The tool’s focus on local session analysis is also significant. Many AI development tools push telemetry to cloud dashboards, raising privacy and latency concerns. By keeping analysis on-device and in a TUI, this approach aligns with the preferences of security-conscious developers and those working in air-gapped environments. It also enables offline debugging, which is essential when network access is limited or when working with sensitive codebases.
Implications for AI Practitioners
For developers using Claude Code daily, this tool offers a concrete way to audit agent behavior. Instead of guessing why a session felt slow or expensive, practitioners can now pinpoint exactly which file reads or tool invocations consumed the most tokens. This granularity supports better prompt engineering—for example, learning to avoid patterns that trigger unnecessary context loading.
The tool also sets a precedent for the broader AI tooling ecosystem. As more agents adopt session logging, the demand for local, open-source analysis tools will likely grow. This mirrors the early days of web analytics, where raw log files gave way to sophisticated dashboards. We may soon see similar tools for other AI coding assistants, or integrated features within Claude Code itself.
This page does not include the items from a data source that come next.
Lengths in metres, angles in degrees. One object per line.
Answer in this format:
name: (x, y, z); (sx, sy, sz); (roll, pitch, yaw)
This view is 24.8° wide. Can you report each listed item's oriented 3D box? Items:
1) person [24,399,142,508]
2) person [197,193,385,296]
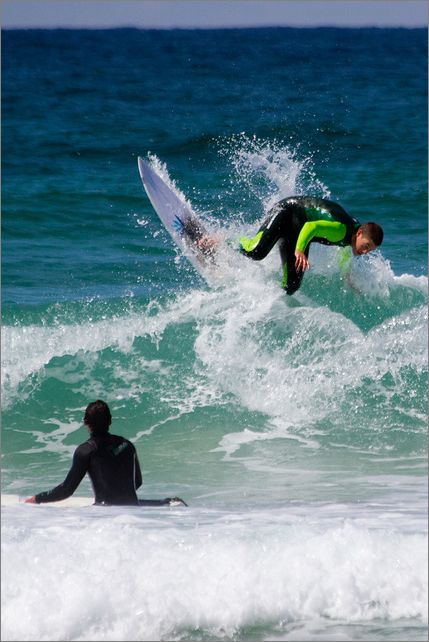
person: (-1.130, 1.156, 8.342); (0.818, 1.088, 0.601); (-7, 4, -40)
person: (0.903, -0.798, 9.454); (2.323, 0.987, 1.060); (-2, -2, 38)
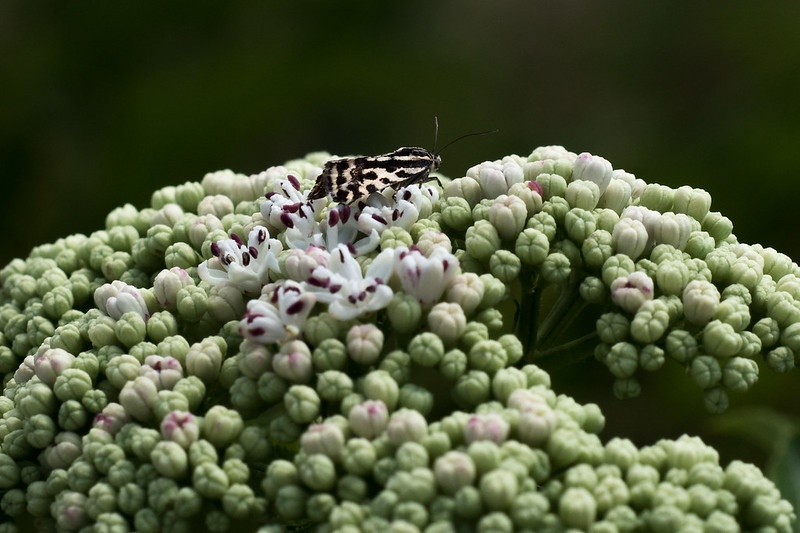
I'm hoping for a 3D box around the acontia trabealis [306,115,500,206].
[{"bbox_3d":[-0.006,-0.376,3.253,0.604,0.294,0.391,-11,11,-13],"label":"acontia trabealis"}]
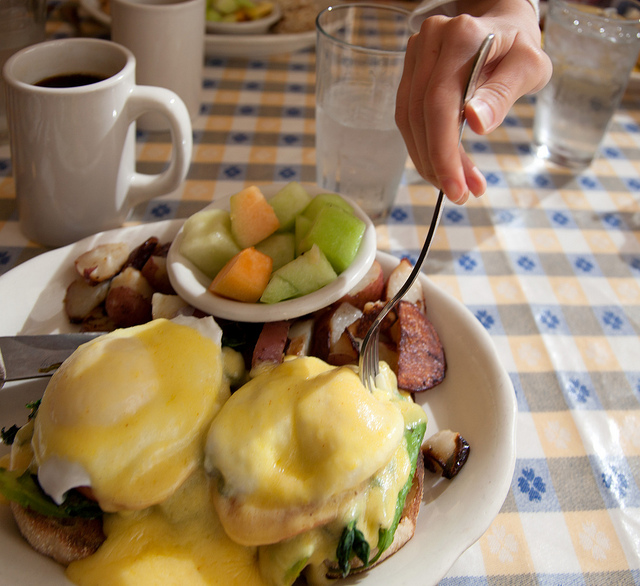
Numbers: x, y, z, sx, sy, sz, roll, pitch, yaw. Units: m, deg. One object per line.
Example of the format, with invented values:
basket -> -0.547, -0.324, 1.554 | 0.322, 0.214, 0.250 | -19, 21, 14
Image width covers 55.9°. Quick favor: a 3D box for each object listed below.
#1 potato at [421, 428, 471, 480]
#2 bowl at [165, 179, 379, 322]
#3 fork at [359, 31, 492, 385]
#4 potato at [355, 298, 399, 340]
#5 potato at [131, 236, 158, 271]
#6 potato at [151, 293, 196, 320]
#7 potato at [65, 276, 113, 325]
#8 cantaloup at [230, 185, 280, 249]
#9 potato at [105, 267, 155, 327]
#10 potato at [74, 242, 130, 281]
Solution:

However, the tool’s current scope is limited to post-hoc analysis. Real-time monitoring or proactive alerts about token burn would be a natural next step. Additionally, the tool’s utility depends on the quality and completeness of Claude’s session logs—if the logging format changes, the tool will need updates.
Key Takeaways
- A new open-source Python TUI enables developers to analyze local Claude Code session traces for token usage, file access, and tool invocation patterns.
- The tool addresses a critical gap in AI development observability, helping practitioners debug costly or inefficient agent workflows.
- Local, offline analysis aligns with privacy and security needs, and may become a standard feature in AI coding tooling.
- Future improvements could include real-time monitoring and broader compatibility with other AI agent session formats.